The autoimmunity-associated gene PTPN22 potentiates toll-like receptor-driven, type 1 interferon-dependent immunity

Yaya Wang et al. Immunity. 2013.

Abstract

Immune cells sense microbial products through Toll-like receptors (TLR), which trigger host defense responses including type 1 interferons (IFNs) secretion. A coding polymorphism in the protein tyrosine phosphatase nonreceptor type 22 (PTPN22) gene is a susceptibility allele for human autoimmune and infectious disease. We report that Ptpn22 selectively regulated type 1 IFN production after TLR engagement in myeloid cells.
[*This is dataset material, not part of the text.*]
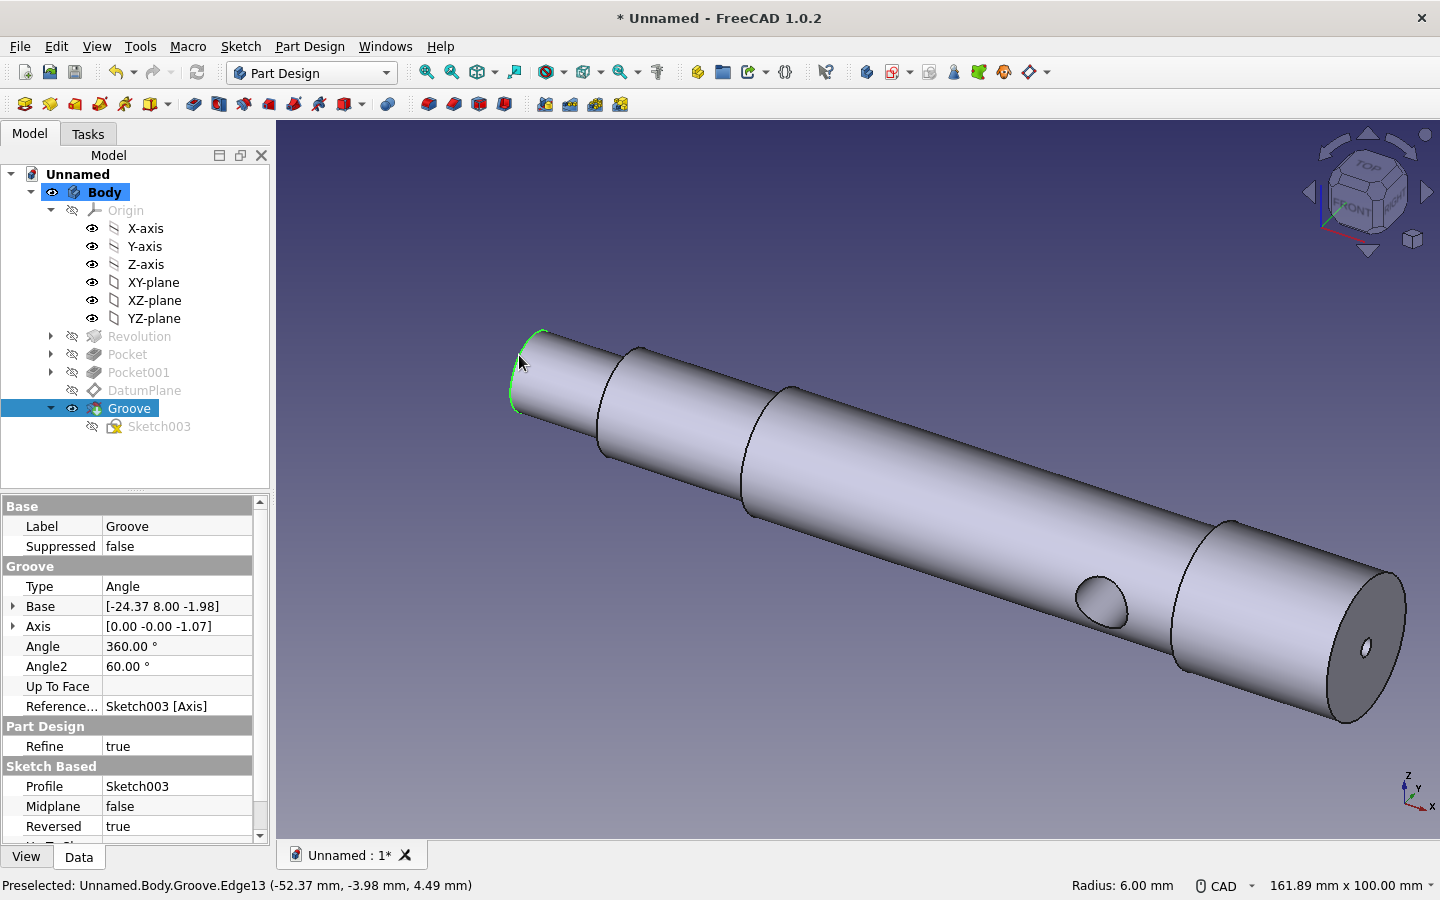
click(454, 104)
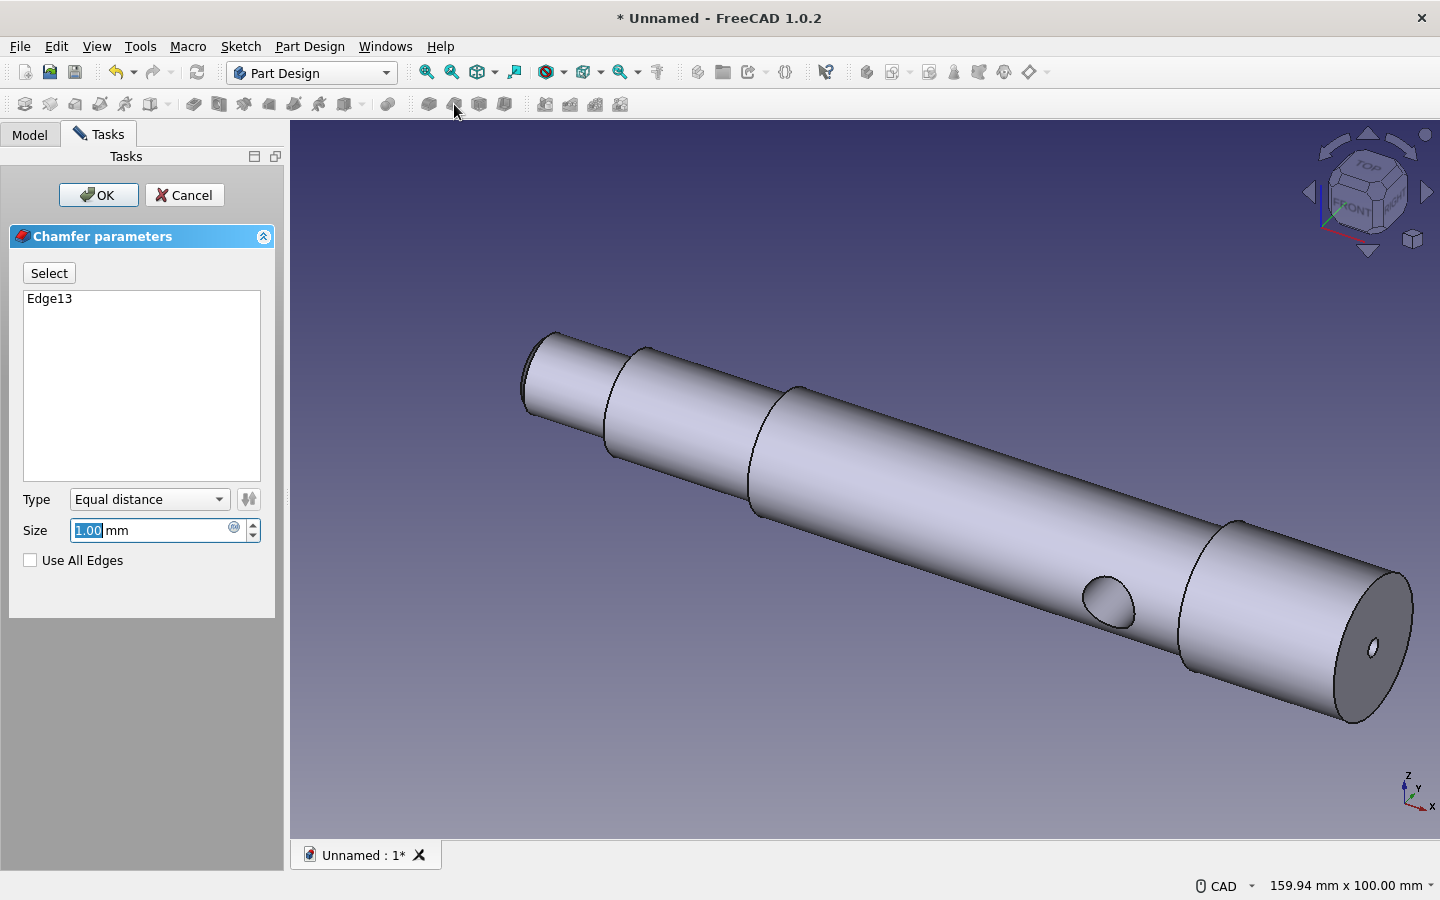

Ptpn22 promoted host antiviral responses and was critical for TLR agonist-induced, type 1 IFN-dependent suppression of inflammation in colitis and arthritis. PTPN22 directly associated with TNF receptor-associated factor 3 (TRAF3) and promotes TRAF3 lysine 63-linked ubiquitination. The disease-associated PTPN22W variant failed to promote TRAF3 ubiquitination, type 1 IFN upregulation, and type 1 IFN-dependent suppression of arthritis. The findings establish a candidate innate immune mechanism of action for a human autoimmunity "risk" gene in the regulation of host defense and inflammation.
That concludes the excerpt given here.